الَّذ۪ينَ  cemi müzekker has ism-i mevsûlu,  إِنَّ ’nin ismi olarak mahallen mansubtur. İsm-i mevsûlun sılası  اخْتَلَفُوا’dur. Îrabtan mahalli yoktur.  اخْتَلَفُوا  damme üzere mebni mazi fiildir. Zamir olan çoğul  و ’ı fail olup mahallen merfûdur.

ف۪يهِ  car mecruru  اخْتَلَفُوا  fiiline  müteallıktır.  لَ  harfi  اِنَّ ’nin haberinin başına gelen lam-ı muzahlakadır.
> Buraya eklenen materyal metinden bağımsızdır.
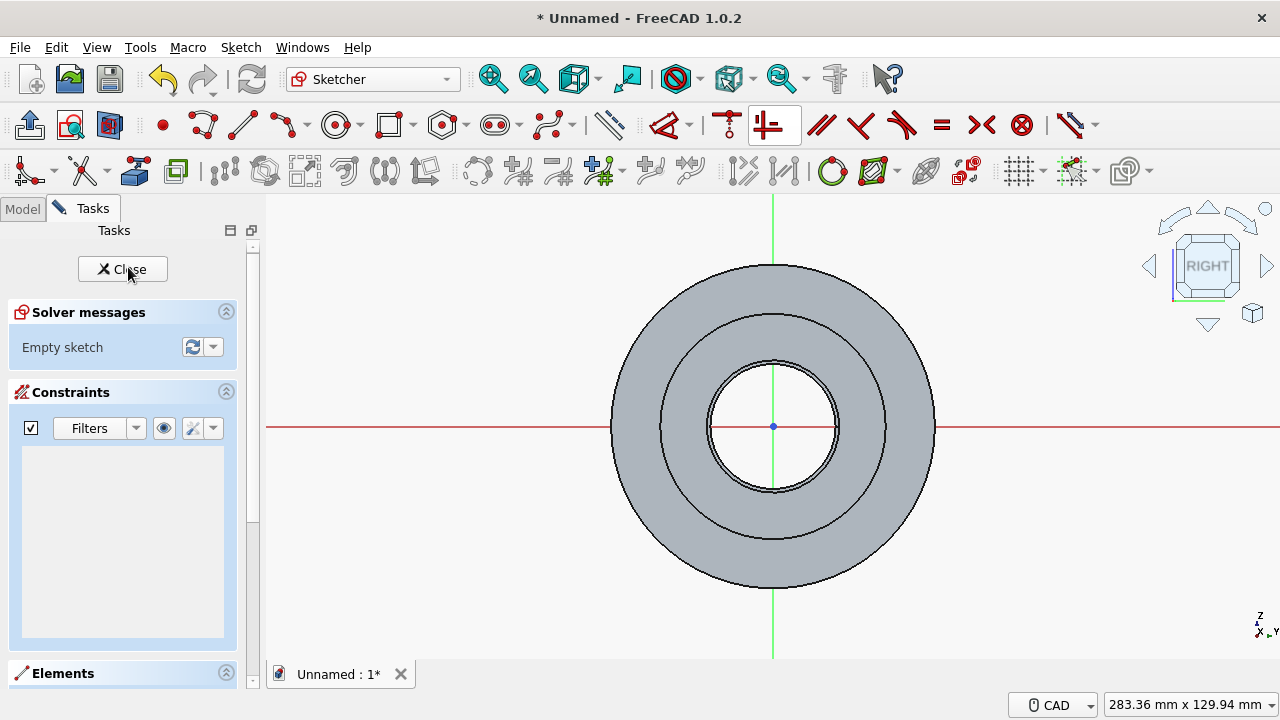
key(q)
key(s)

ف۪ي شَكٍّ  car mecruru  إِنَّ ’nin mahzuf haberine müteallıktır.  مِنْهُ  car mecruru  شَكٍّ’in mahzuf sıfatına müteallıktır. 

 

مَا لَهُمْ بِه۪ مِنْ عِلْمٍ اِلَّا اتِّبَاعَ الظَّنِّۚ وَمَا قَتَلُوهُ يَق۪يناًۙ


مَا  nefy harfi olup olumsuzluk manasındadır.  لَهُمْ  car mecruru mahzuf mukaddem habere müteallıktır.

بِه۪  car mecruru  عِلْمٍ  kelimesinin mahzuf haline müteallıktır.  مِنْ  zaiddir.  عِلْمٍ  lafzen mecrur, muahhar mübteda olarak mahallen merfûdur. 
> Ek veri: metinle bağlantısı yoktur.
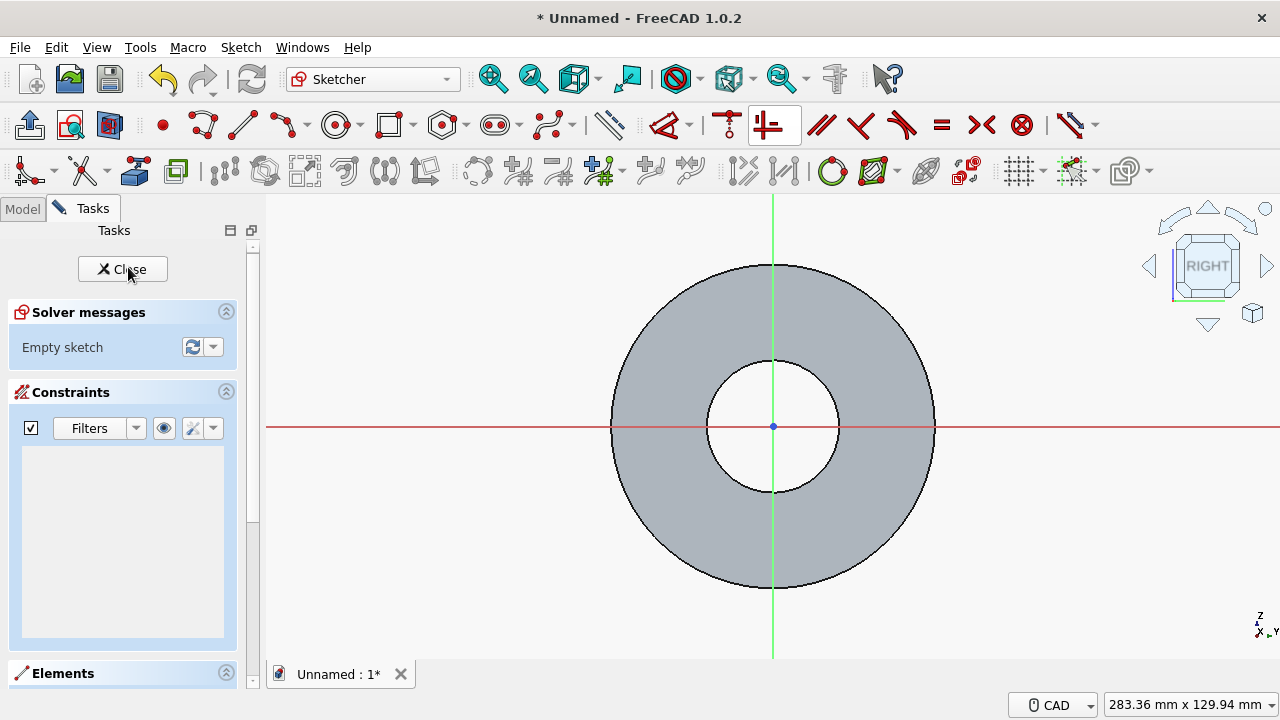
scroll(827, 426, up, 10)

اِلَّا  istisna edatıdır.  اتِّبَاعَ  istisna-i munkatı’ olup fetha ile mansubtur.  الظَّنّ  muzâfun ileyh olup kesra ile mecrurdur.

وَ  atıf harfidir.  مَا  nefy harfi olup olumsuzluk manasındadır.  قَتَلُوهُ  damme üzere mebni mazi fiildir. Zamir olan çoğul  و ’ı fail olup mahallen merfûdur. Muttasıl zamir هُ  mef’ûlun bih olarak mahallen mansubtur.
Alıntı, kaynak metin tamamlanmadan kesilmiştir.